Exercise: Return, with both end lines included, exactly what the data below holds from the line with "Camera HFOV: 60.0" through the line with "name | x y z sx sy sz roll pitch yaw", though not the pictures.

Stored items:
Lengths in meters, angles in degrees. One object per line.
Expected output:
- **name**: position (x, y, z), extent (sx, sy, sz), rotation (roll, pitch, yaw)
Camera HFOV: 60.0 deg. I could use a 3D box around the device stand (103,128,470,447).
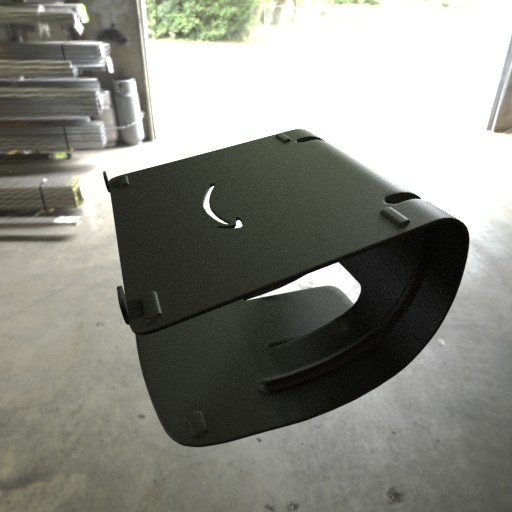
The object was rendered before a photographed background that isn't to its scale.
- **device stand**: position (0.000, 0.000, 0.397), extent (0.236, 0.155, 0.256), rotation (-10, 32, -16)
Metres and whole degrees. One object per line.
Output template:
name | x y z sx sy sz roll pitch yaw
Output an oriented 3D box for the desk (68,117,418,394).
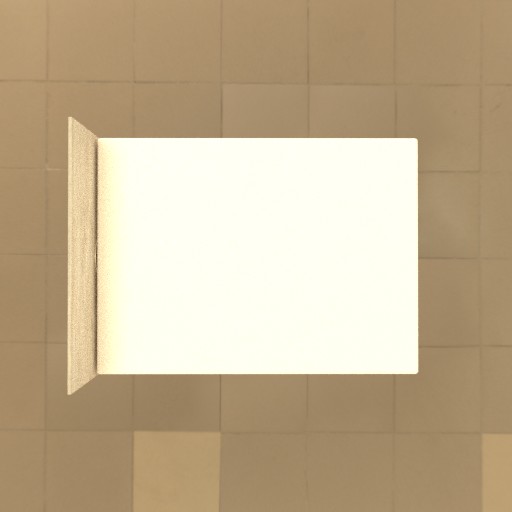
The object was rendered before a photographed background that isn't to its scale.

Solved exercise:
Camera HFOV: 60.0 deg. I could use a 3D box around the device stand (103,128,470,447).
The object was rendered before a photographed background that isn't to its scale.
- **device stand**: position (0.000, 0.000, 0.397), extent (0.236, 0.155, 0.256), rotation (-10, 32, -16)
Metres and whole degrees. One object per line.
Output template:
name | x y z sx sy sz roll pitch yaw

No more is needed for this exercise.